Dantas chamara aos poetas do Orpheu, "paranóicos". A resposta era explosiva. Esse manifesto de Almada está incluído neste delicioso livro que reúne os "Manifestos" que Almada escreveu, ou seja, textos que delimitam o seu olhar sobre a cultura e o mundo. Aqui está o texto para a exposição de Amadeo de Souza-Cardoso (o genial pintor que só agora parece estar a ser reconhecido), os para a primeira Conferência Futurista ou ainda o que escreveu sobre os Bailados Russos. São textos notáveis, cheios de electricidade, que procuram agitar as águas.

No seu "Ultimatum Futurista", Almada escreve: "Eu não pertenço a nenhuma das gerações revolucionárias. Eu pertenço a uma geração construtiva. Eu sou um poeta português que ama a sua pátria". Mas isso não o impede de estilhaçar o que vê à sua volta: "A guerra serve para mostrar os fortes e salvar os fracos.

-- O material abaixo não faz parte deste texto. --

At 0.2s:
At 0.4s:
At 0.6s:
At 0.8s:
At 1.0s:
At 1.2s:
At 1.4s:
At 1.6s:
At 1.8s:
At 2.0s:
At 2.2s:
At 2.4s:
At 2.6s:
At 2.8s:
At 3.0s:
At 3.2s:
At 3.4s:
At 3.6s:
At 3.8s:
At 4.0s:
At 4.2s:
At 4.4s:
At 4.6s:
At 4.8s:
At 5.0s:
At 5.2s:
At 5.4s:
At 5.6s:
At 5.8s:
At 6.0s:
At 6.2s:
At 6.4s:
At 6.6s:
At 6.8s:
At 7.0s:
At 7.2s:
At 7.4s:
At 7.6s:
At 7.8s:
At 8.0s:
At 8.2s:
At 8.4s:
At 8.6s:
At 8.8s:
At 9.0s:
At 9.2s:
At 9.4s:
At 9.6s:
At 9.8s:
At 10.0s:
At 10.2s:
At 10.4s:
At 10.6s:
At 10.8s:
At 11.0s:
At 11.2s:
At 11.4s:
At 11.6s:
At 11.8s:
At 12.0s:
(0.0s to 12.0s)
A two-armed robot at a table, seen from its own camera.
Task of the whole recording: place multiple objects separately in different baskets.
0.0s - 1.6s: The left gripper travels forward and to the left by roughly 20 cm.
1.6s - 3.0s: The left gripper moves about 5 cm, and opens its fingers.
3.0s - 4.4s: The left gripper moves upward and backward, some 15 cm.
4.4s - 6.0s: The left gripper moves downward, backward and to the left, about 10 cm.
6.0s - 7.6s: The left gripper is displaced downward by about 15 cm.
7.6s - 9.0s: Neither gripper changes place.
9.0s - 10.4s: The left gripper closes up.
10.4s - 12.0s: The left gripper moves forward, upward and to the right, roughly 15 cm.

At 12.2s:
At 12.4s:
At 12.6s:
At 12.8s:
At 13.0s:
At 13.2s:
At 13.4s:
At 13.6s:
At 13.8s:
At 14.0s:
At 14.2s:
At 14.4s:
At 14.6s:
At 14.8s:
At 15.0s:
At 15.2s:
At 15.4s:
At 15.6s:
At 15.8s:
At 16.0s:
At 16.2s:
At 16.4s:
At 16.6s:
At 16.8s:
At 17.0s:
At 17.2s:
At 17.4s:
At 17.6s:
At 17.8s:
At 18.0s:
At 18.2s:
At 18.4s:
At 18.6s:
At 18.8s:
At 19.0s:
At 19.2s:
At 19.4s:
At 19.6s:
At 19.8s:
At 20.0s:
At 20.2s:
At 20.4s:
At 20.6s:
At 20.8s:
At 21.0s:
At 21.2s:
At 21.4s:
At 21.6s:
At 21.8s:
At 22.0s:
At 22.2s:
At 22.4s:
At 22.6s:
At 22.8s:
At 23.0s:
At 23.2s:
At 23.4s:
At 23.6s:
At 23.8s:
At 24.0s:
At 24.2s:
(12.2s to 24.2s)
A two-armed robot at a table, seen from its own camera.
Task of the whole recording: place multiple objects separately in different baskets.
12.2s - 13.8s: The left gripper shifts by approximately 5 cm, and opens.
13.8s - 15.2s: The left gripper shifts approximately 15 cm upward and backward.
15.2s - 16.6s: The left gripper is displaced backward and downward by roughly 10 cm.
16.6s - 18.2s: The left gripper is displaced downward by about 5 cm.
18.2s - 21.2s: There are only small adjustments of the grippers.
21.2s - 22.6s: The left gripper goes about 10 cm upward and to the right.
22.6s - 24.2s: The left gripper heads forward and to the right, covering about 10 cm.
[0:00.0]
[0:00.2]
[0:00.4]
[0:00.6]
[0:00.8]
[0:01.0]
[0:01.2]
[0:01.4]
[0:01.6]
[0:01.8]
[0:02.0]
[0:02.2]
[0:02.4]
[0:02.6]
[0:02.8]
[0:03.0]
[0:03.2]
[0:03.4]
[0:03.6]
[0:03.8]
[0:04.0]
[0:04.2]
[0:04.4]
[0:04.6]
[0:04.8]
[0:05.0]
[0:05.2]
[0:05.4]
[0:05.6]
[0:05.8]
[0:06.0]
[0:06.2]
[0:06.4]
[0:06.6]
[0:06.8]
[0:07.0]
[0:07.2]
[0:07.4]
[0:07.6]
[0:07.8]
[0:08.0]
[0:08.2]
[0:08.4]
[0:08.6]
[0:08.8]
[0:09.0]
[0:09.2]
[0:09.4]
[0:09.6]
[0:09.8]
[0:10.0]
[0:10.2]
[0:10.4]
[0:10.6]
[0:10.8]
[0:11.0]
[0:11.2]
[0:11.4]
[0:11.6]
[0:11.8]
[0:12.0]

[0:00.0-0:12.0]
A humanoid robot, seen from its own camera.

Na guerra, os fortes progridem e os fracos alcançam os fortes. Portugal é um país de fracos, Portugal é um país decadente. (…) O português, como todos os decadentes, só conhece os sentimentos passivos: a resignação, o fatalismo, a indolência, o medo do perigo, o servilismo, a timidez, e até a inversão. (…) O povo completo será aquele que tiver reunido no seu máximo todas as qualidades e todos os defeitos. Coragem, portugueses, só vos faltam as qualidades".

Almada não poupa ninguém. Excepto os que lhe são próximos. E é contra um universo cultural pantanoso e sem ideias mas que, à boa maneira portuguesa, ocupa o espaço e, com as suas cumplicidades, assume o poder, que não se restringe apenas à cultura: é também político. Evitando que todos os outros possam ter um lugar à janela.

Este livro traz-nos o génio de Almada. Um verdadeiro lança-chamas na sombria cultura hegemónica nacional.